Saved entries
◆ ◆ ◆ ◆ ◆

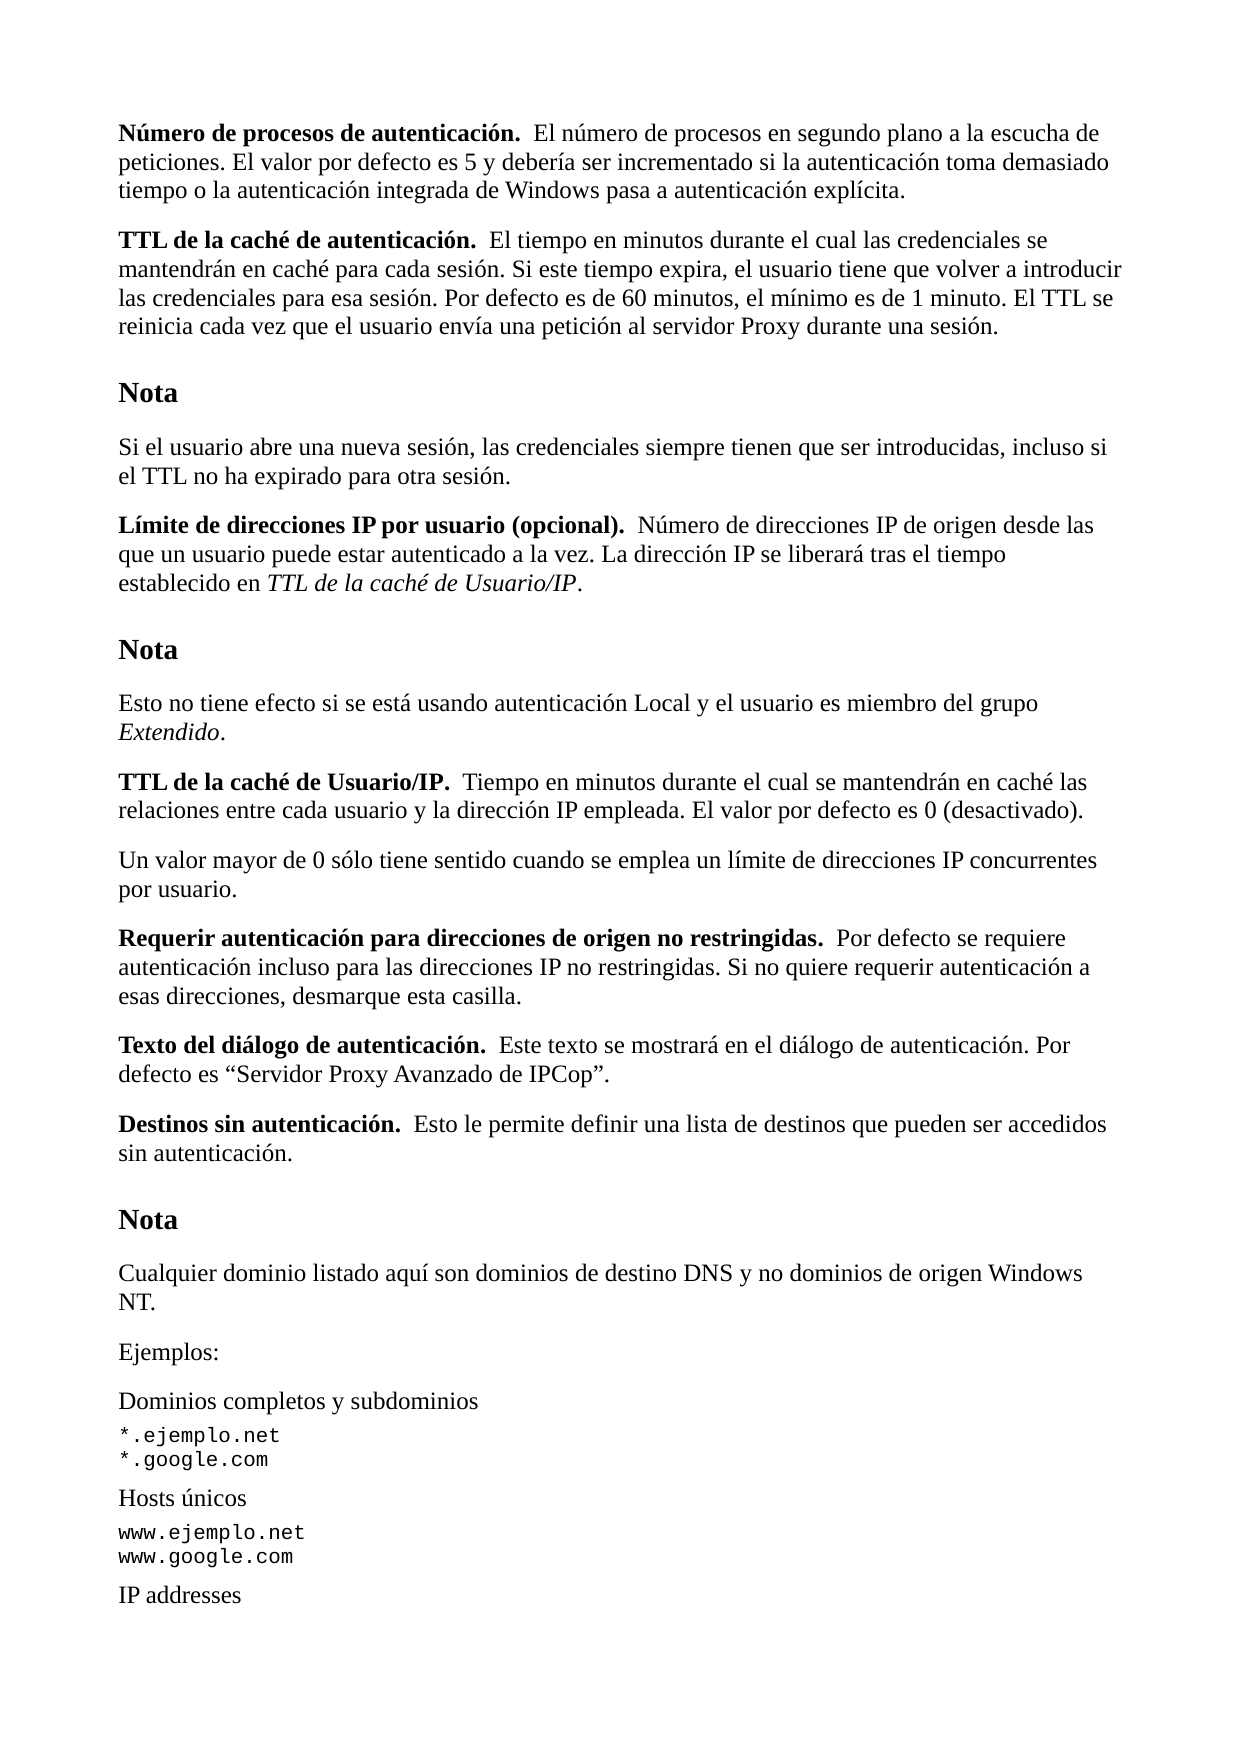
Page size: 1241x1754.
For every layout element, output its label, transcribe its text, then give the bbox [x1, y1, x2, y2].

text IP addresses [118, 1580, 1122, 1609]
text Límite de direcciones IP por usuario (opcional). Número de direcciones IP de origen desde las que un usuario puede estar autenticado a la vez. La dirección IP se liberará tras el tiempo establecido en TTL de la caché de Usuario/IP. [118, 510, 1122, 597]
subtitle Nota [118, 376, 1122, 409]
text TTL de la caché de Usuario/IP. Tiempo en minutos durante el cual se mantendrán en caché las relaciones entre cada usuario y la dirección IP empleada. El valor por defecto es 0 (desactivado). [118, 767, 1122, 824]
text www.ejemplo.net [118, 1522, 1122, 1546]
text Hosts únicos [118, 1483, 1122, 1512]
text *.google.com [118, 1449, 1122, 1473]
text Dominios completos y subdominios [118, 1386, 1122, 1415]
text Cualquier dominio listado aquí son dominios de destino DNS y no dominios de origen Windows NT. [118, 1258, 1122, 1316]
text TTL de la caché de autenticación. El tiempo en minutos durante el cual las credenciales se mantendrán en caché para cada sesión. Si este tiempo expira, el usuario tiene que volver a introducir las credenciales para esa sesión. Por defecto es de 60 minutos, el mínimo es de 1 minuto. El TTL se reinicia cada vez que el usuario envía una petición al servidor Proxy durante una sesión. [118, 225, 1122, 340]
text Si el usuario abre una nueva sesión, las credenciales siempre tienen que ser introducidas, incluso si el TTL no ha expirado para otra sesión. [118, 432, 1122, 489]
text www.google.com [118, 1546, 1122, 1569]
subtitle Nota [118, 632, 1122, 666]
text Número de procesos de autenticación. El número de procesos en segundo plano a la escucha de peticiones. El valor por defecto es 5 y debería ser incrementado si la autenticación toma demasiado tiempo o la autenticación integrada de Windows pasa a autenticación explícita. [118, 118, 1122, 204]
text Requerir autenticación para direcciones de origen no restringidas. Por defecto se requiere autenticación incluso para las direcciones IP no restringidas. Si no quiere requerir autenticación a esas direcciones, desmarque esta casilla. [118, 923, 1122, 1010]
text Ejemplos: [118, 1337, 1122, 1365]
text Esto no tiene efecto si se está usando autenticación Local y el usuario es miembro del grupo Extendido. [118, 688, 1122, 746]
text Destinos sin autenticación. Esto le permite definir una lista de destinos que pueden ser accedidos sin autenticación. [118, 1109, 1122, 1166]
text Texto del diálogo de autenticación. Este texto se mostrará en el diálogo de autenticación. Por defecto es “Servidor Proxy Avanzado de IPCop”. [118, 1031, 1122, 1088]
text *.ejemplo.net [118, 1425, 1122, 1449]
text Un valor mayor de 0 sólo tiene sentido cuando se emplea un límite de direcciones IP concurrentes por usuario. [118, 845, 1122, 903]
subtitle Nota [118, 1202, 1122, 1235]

◆ ◆ ◆ ◆ ◆

## Aim of the task
As you read the records above, find each line that contains "cada" and copy it.

## Response area
text TTL de la caché de Usuario/IP. Tiempo en minutos durante el cual se mantendrán en caché las relaciones entre cada usuario y la dirección IP empleada. El valor por defecto es 0 (desactivado). [118, 767, 1122, 824]
text TTL de la caché de autenticación. El tiempo en minutos durante el cual las credenciales se mantendrán en caché para cada sesión. Si este tiempo expira, el usuario tiene que volver a introducir las credenciales para esa sesión. Por defecto es de 60 minutos, el mínimo es de 1 minuto. El TTL se reinicia cada vez que el usuario envía una petición al servidor Proxy durante una sesión. [118, 225, 1122, 340]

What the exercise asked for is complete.